Clustered Index - A clustered index defines the order in which data is physically stored in a table. Table data can be sorted in only way, therefore, there can be only one clustered index per table. In SQL Server, the primary key constraint automatically creates a clustered index on that particular column.
Non-Clustered Index - A non-clustered index doesn’t sort the physical data inside the table. In fact, a non-clustered index is stored at one place and table data is stored in another place. This is similar to a textbook where the book content is located in one place and the index is located in another. This allows for more than one non-clustered index per table.It is important to mention here that inside the table the data will be sorted by a clustered index. However, inside the non-clustered index data is stored in the specified order.

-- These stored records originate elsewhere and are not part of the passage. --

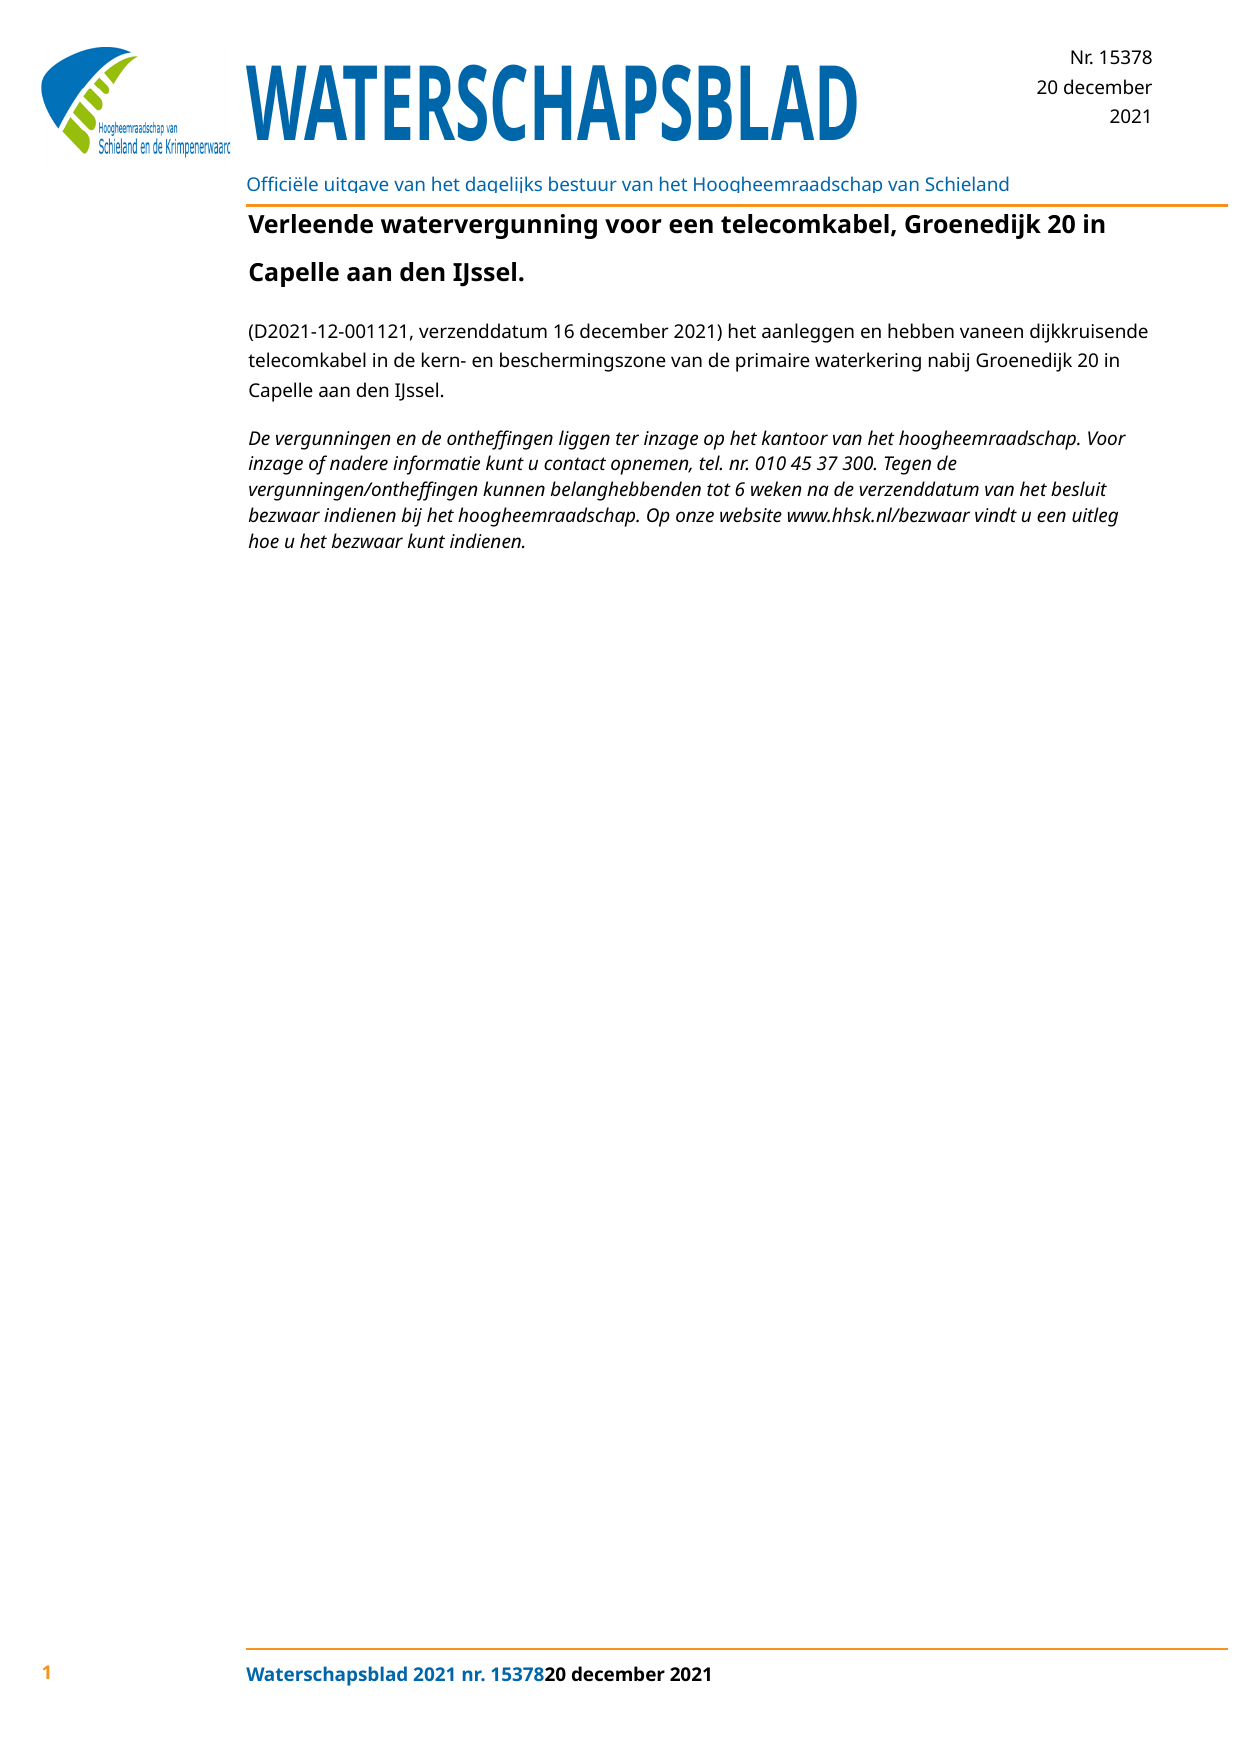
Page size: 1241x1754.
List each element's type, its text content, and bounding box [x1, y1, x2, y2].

text (D2021-12-001121, verzenddatum 16 december 2021) het aanleggen en hebben vaneen dijkkruisende telecomkabel in de kern- en beschermingszone van de primaire waterkering nabij Groenedijk 20 in Capelle aan den IJssel. [248, 318, 1152, 403]
text De vergunningen en de ontheffingen liggen ter inzage op het kantoor van het hoogheemraadschap. Voor inzage of nadere informatie kunt u contact opnemen, tel. nr. 010 45 37 300. Tegen de vergunningen/ontheffingen kunnen belanghebbenden tot 6 weken na de verzenddatum van het besluit bezwaar indienen bij het hoogheemraadschap. Op onze website www.hhsk.nl/bezwaar vindt u een uitleg hoe u het bezwaar kunt indienen. [248, 425, 1152, 553]
picture [41, 47, 231, 172]
text Verleende watervergunning voor een telecomkabel, Groenedijk 20 in Capelle aan den IJssel. [248, 207, 1152, 288]
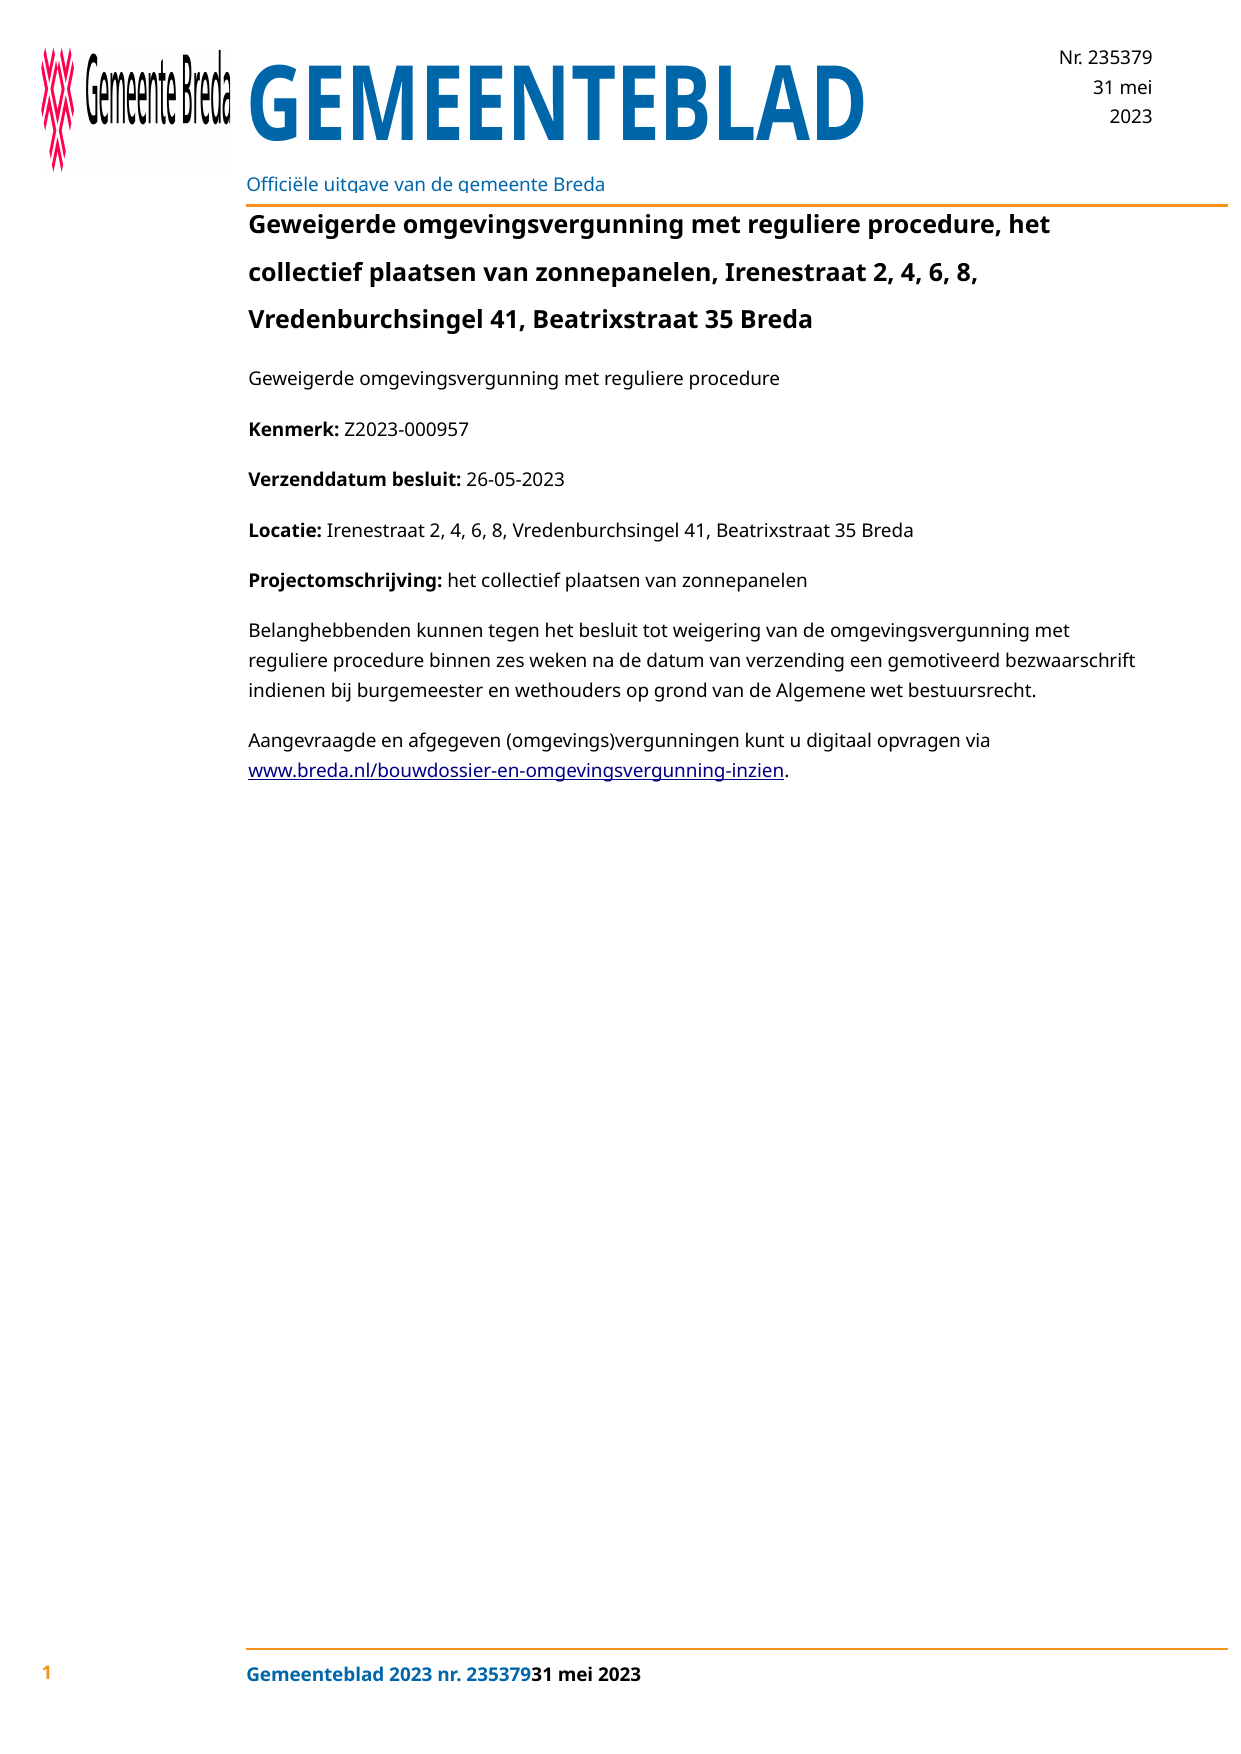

The index contains column values on which the index is created and the address of the record that the column value belongs to.When a query is issued against a column on which the index is created, the database will first go to the index and look for the address of the corresponding row in the table. It will then go to that row address and fetch other column values. It is due to this additional step that non-clustered indexes are slower than clustered indexes
Differences between clustered and Non-clustered index
There can be only one clustered index per table. However, you can
create multiple non-clustered indexes on a single table.
Clustered indexes only sort tables. Therefore, they do not consume
extra storage. Non-clustered indexes are stored in a separate place
from the actual table claiming more storage space.
Clustered indexes are faster than non-clustered indexes since they
don’t involve any extra lookup step.